━━━ SUPPLIED MATERIAL

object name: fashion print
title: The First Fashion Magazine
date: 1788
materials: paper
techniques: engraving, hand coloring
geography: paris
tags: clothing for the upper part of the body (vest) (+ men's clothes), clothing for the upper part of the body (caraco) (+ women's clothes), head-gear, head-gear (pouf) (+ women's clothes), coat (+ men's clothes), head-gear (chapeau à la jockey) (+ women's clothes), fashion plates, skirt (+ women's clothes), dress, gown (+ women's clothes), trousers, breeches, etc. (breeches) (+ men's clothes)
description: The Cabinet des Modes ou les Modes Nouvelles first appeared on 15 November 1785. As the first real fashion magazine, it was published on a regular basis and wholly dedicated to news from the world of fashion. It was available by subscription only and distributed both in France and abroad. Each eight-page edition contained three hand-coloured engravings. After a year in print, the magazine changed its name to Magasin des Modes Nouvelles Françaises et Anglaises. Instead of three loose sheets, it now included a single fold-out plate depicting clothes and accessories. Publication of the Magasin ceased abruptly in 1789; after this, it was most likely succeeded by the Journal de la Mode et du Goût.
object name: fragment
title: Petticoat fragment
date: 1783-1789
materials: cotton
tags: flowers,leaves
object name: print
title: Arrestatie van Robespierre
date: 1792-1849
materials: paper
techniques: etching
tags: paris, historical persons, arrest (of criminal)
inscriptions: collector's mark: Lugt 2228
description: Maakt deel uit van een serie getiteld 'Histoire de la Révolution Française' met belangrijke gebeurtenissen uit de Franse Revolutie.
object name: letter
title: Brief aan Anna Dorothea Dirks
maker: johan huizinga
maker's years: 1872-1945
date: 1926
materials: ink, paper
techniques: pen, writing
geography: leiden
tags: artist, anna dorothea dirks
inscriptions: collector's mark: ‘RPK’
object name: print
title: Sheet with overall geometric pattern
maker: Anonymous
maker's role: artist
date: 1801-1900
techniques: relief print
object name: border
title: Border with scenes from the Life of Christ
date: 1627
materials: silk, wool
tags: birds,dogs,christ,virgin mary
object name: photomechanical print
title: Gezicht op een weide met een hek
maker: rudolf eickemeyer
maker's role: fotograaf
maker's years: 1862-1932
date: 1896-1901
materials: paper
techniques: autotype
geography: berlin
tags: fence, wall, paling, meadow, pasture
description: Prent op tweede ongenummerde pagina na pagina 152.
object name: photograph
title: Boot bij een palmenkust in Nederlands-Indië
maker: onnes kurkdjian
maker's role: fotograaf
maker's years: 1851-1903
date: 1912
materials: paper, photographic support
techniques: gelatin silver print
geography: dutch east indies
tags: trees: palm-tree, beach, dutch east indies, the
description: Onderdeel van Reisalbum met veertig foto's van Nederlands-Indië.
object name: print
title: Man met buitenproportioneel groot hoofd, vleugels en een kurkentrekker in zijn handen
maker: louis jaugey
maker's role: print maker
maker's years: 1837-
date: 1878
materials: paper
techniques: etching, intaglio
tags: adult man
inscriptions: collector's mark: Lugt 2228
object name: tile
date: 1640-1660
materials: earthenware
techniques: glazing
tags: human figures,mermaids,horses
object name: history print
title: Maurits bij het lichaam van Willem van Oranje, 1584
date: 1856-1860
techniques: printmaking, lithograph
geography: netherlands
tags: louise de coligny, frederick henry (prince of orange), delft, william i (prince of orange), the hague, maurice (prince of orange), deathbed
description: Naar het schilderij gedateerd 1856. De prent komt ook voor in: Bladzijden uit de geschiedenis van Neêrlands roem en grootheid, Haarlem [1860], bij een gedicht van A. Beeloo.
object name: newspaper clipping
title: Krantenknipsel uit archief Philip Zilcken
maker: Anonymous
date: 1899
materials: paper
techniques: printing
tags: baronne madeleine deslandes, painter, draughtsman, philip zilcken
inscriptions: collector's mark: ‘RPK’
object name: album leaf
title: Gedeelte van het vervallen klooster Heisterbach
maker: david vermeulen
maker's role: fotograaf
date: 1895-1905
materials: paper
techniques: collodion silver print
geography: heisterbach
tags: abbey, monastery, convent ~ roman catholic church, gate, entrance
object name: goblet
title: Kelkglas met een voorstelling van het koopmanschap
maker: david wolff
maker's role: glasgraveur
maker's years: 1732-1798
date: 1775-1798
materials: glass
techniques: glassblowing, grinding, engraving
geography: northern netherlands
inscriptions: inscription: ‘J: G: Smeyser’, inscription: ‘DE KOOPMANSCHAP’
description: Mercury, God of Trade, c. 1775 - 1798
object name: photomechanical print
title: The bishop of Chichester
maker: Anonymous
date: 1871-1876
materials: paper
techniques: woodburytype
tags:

━━━━━━

[TRY IT]: The full listing, top to bottom: write it out again exactly.

[ANSWER SPACE]:
object name: fashion print
title: The First Fashion Magazine
date: 1788
materials: paper
techniques: engraving, hand coloring
geography: paris
tags: clothing for the upper part of the body (vest) (+ men's clothes), clothing for the upper part of the body (caraco) (+ women's clothes), head-gear, head-gear (pouf) (+ women's clothes), coat (+ men's clothes), head-gear (chapeau à la jockey) (+ women's clothes), fashion plates, skirt (+ women's clothes), dress, gown (+ women's clothes), trousers, breeches, etc. (breeches) (+ men's clothes)
description: The Cabinet des Modes ou les Modes Nouvelles first appeared on 15 November 1785. As the first real fashion magazine, it was published on a regular basis and wholly dedicated to news from the world of fashion. It was available by subscription only and distributed both in France and abroad. Each eight-page edition contained three hand-coloured engravings. After a year in print, the magazine changed its name to Magasin des Modes Nouvelles Françaises et Anglaises. Instead of three loose sheets, it now included a single fold-out plate depicting clothes and accessories. Publication of the Magasin ceased abruptly in 1789; after this, it was most likely succeeded by the Journal de la Mode et du Goût.
object name: fragment
title: Petticoat fragment
date: 1783-1789
materials: cotton
tags: flowers,leaves
object name: print
title: Arrestatie van Robespierre
date: 1792-1849
materials: paper
techniques: etching
tags: paris, historical persons, arrest (of criminal)
inscriptions: collector's mark: Lugt 2228
description: Maakt deel uit van een serie getiteld 'Histoire de la Révolution Française' met belangrijke gebeurtenissen uit de Franse Revolutie.
object name: letter
title: Brief aan Anna Dorothea Dirks
maker: johan huizinga
maker's years: 1872-1945
date: 1926
materials: ink, paper
techniques: pen, writing
geography: leiden
tags: artist, anna dorothea dirks
inscriptions: collector's mark: ‘RPK’
object name: print
title: Sheet with overall geometric pattern
maker: Anonymous
maker's role: artist
date: 1801-1900
techniques: relief print
object name: border
title: Border with scenes from the Life of Christ
date: 1627
materials: silk, wool
tags: birds,dogs,christ,virgin mary
object name: photomechanical print
title: Gezicht op een weide met een hek
maker: rudolf eickemeyer
maker's role: fotograaf
maker's years: 1862-1932
date: 1896-1901
materials: paper
techniques: autotype
geography: berlin
tags: fence, wall, paling, meadow, pasture
description: Prent op tweede ongenummerde pagina na pagina 152.
object name: photograph
title: Boot bij een palmenkust in Nederlands-Indië
maker: onnes kurkdjian
maker's role: fotograaf
maker's years: 1851-1903
date: 1912
materials: paper, photographic support
techniques: gelatin silver print
geography: dutch east indies
tags: trees: palm-tree, beach, dutch east indies, the
description: Onderdeel van Reisalbum met veertig foto's van Nederlands-Indië.
object name: print
title: Man met buitenproportioneel groot hoofd, vleugels en een kurkentrekker in zijn handen
maker: louis jaugey
maker's role: print maker
maker's years: 1837-
date: 1878
materials: paper
techniques: etching, intaglio
tags: adult man
inscriptions: collector's mark: Lugt 2228
object name: tile
date: 1640-1660
materials: earthenware
techniques: glazing
tags: human figures,mermaids,horses
object name: history print
title: Maurits bij het lichaam van Willem van Oranje, 1584
date: 1856-1860
techniques: printmaking, lithograph
geography: netherlands
tags: louise de coligny, frederick henry (prince of orange), delft, william i (prince of orange), the hague, maurice (prince of orange), deathbed
description: Naar het schilderij gedateerd 1856. De prent komt ook voor in: Bladzijden uit de geschiedenis van Neêrlands roem en grootheid, Haarlem [1860], bij een gedicht van A. Beeloo.
object name: newspaper clipping
title: Krantenknipsel uit archief Philip Zilcken
maker: Anonymous
date: 1899
materials: paper
techniques: printing
tags: baronne madeleine deslandes, painter, draughtsman, philip zilcken
inscriptions: collector's mark: ‘RPK’
object name: album leaf
title: Gedeelte van het vervallen klooster Heisterbach
maker: david vermeulen
maker's role: fotograaf
date: 1895-1905
materials: paper
techniques: collodion silver print
geography: heisterbach
tags: abbey, monastery, convent ~ roman catholic church, gate, entrance
object name: goblet
title: Kelkglas met een voorstelling van het koopmanschap
maker: david wolff
maker's role: glasgraveur
maker's years: 1732-1798
date: 1775-1798
materials: glass
techniques: glassblowing, grinding, engraving
geography: northern netherlands
inscriptions: inscription: ‘J: G: Smeyser’, inscription: ‘DE KOOPMANSCHAP’
description: Mercury, God of Trade, c. 1775 - 1798
object name: photomechanical print
title: The bishop of Chichester
maker: Anonymous
date: 1871-1876
materials: paper
techniques: woodburytype
tags:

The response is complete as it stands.